Vaccin : devenu immuniser au venin des serpents par suite de plusieurs morsure volontaire, cet homme pourra permettre de créer un vaccin universel

Pendant dix-huit ans, un Américain s’est exposé plus de 700 fois à du venin de serpent, par injection ou par morsure directe, afin de développer contre eux une immunité. Une expérience qui s’est révélée probante, puisque ses anticorps ont permis de concevoir un antivenin universel.

Une idée risquée.
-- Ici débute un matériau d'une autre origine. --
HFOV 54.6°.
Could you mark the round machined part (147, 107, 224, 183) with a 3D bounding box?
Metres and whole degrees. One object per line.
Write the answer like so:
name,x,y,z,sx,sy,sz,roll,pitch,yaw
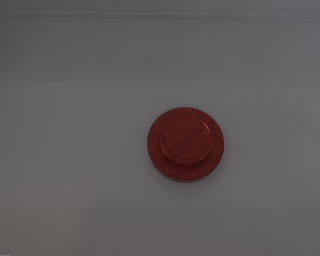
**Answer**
round machined part,0.033,0.018,0.394,0.099,0.042,0.098,0,70,0
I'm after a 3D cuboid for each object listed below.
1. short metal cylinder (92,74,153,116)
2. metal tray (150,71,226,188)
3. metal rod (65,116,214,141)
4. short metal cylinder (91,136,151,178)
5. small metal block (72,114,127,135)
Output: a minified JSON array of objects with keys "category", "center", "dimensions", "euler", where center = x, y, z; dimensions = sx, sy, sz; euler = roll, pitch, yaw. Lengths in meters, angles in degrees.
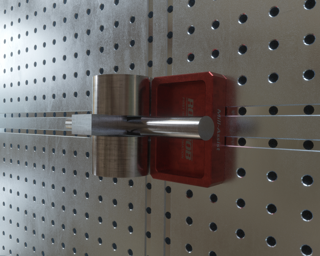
[{"category":"short metal cylinder","center":[-0.049,-0.041,0.412],"dimensions":[0.080,0.081,0.050],"euler":[1,91,40]},{"category":"metal tray","center":[0.032,0.001,0.379],"dimensions":[0.090,0.030,0.129],"euler":[2,91,40]},{"category":"metal rod","center":[-0.053,-0.003,0.422],"dimensions":[0.300,0.025,0.025],"euler":[2,92,49]},{"category":"short metal cylinder","center":[-0.051,0.035,0.415],"dimensions":[0.080,0.081,0.050],"euler":[2,92,40]},{"category":"small metal block","center":[-0.078,-0.004,0.395],"dimensions":[0.050,0.050,0.025],"euler":[1,91,48]}]
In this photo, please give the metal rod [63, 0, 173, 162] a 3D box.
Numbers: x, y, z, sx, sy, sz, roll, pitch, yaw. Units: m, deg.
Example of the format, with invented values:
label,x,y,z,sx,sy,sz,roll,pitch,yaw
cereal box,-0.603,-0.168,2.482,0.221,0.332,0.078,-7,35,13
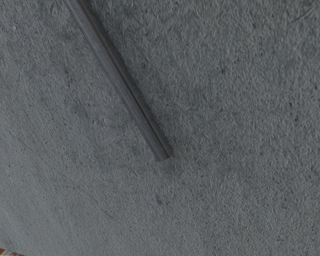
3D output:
label,x,y,z,sx,sy,sz,roll,pitch,yaw
metal rod,-0.064,-0.086,0.387,0.025,0.025,0.299,-18,109,35
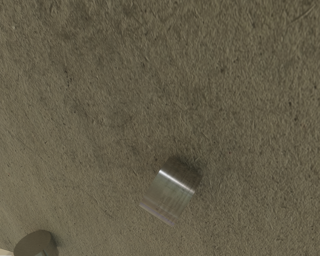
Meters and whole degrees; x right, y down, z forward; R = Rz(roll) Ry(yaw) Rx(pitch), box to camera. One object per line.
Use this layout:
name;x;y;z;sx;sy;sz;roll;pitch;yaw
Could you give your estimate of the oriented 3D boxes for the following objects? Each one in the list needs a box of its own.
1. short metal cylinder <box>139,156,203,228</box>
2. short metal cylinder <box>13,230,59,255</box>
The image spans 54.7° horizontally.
short metal cylinder;0.015;0.085;0.416;0.050;0.080;0.079;32;129;8
short metal cylinder;-0.272;0.274;0.685;0.080;0.080;0.050;1;119;28

Durant dix-huit ans, un Américain s’est laissé mordre, de son plein gré, plus de 700 fois par des serpents venimeux, tels que le mamba noir, le cobra cracheur, la vipère de la mort ou encore le taïpan côtier.
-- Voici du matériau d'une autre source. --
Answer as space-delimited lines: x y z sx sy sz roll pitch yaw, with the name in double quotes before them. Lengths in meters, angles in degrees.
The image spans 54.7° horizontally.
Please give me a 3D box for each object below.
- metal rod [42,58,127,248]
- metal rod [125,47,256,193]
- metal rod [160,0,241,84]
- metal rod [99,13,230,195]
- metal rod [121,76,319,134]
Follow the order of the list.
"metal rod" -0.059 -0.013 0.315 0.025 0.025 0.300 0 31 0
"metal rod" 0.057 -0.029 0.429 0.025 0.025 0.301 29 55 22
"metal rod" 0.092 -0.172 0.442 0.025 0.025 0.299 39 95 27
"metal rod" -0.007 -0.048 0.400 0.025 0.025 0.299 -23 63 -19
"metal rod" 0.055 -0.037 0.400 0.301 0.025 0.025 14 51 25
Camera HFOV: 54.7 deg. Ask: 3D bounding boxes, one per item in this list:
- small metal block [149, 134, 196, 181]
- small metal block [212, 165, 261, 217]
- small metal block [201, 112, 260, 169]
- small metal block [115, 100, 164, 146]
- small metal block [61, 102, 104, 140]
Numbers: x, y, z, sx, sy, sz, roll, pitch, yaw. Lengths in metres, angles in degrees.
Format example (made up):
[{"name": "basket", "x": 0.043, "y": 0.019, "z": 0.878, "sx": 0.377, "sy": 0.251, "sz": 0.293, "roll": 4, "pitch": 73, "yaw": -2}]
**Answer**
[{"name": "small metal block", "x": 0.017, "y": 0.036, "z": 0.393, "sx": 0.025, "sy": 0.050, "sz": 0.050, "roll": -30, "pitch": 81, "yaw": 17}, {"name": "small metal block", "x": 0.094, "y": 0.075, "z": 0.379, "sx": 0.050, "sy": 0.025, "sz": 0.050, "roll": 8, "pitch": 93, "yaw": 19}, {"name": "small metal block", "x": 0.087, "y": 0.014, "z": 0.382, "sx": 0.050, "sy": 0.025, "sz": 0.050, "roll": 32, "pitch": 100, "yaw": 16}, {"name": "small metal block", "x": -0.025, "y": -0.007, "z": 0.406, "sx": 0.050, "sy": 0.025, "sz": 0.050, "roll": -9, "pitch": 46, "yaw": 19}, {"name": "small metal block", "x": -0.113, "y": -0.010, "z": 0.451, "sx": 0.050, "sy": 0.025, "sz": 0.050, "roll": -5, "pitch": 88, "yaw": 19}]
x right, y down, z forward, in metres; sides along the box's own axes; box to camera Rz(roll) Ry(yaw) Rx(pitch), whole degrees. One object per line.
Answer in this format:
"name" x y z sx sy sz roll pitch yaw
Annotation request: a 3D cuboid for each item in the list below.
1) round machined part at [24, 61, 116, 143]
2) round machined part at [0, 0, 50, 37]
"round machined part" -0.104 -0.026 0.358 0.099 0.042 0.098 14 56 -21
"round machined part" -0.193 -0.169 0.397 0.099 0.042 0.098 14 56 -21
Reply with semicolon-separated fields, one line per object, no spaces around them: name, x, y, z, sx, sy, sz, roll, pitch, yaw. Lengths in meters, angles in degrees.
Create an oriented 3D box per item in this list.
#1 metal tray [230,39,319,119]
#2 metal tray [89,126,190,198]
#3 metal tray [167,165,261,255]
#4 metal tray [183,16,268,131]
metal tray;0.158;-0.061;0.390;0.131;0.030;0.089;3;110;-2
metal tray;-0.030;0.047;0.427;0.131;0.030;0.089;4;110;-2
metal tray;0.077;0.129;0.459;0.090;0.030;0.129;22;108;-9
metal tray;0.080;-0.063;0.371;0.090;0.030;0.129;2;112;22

Outre les morsures directes, l’homme explique s’être aussi injecté du venin, selon un post Facebook de la société de biotechnologie Centivax. L’objectif de Tim Friede était clair : il souhaitait ainsi développer une immunité contre les morsures.
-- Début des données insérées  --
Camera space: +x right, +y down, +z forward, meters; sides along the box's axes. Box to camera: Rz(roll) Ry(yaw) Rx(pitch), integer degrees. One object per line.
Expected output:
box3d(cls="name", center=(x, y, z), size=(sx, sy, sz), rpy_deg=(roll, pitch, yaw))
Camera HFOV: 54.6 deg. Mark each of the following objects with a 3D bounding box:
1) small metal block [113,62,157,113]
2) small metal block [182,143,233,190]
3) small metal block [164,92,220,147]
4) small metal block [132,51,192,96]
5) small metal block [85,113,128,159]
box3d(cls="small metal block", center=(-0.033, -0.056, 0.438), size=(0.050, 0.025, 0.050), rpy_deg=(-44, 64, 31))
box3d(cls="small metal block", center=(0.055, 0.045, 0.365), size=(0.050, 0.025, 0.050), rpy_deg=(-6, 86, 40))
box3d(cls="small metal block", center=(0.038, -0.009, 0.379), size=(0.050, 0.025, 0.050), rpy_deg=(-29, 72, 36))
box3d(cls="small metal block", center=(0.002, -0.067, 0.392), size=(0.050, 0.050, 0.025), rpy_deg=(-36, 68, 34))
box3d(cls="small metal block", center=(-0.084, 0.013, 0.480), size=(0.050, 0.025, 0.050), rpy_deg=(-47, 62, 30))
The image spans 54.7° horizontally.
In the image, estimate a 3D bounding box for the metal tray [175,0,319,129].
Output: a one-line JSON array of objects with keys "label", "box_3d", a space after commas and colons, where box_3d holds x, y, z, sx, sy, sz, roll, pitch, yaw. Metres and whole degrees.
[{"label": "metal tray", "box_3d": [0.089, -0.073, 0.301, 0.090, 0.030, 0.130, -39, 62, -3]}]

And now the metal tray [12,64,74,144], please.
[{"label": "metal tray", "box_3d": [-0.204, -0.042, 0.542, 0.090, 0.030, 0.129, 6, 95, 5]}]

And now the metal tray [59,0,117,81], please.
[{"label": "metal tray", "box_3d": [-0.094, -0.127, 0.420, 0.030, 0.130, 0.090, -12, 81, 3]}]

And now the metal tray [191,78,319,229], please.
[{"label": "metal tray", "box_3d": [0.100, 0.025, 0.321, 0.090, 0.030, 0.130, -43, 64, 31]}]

Bien que dangereuse, la démarche a fonctionné puisque ses anticorps ont permis de concevoir un antivenin universel contre les morsures de serpent, efficace sur plusieurs espèces.

Une Première injection en 2001

Dans le détail, l’homme, mécanicien de profession et collectionneur de serpents a commencé à s’injecter du venin en 2001, alors qu’il venait d’acheter un serpent à tête cuivrée.

Approché par le fondateur de Centivax, basé en Californie, il est ensuite devenu directeur de l’herpétologie pour l’entreprise.

En effet, cette dernière tentait de produire un antivenin universel pour tous les serpents les plus mortels du monde.

Deux anticorps ont été isolés

Tim Friede est ainsi devenu une sorte de cobaye : son sang a été analysé par l’équipe de Centivax et deux anticorps ont été isolés. Les spécialistes ont ensuite combiné ces anticorps avec un agent anti-inflammatoire qui bloque les toxines, le varespladib.

Ce mélange a été testé sur des souris, et s’est révélé concluant : il les a complètement protégé de doses mortelles de venin, provenant de 13 espèces différentes. En prime, il leur a offert une protection partielle contre 6 espèces supplémentaires.

Un cas rare, puisque les antivenins traditionnels sont capables de protéger uniquement une espèce ou une famille proche.

Ces résultats sont donc encourageants, même si les essais n’ont été effectués que sur des souris. Il faudra sans doute plusieurs années avant qu’un antivenin puisse fonctionner chez l’humain.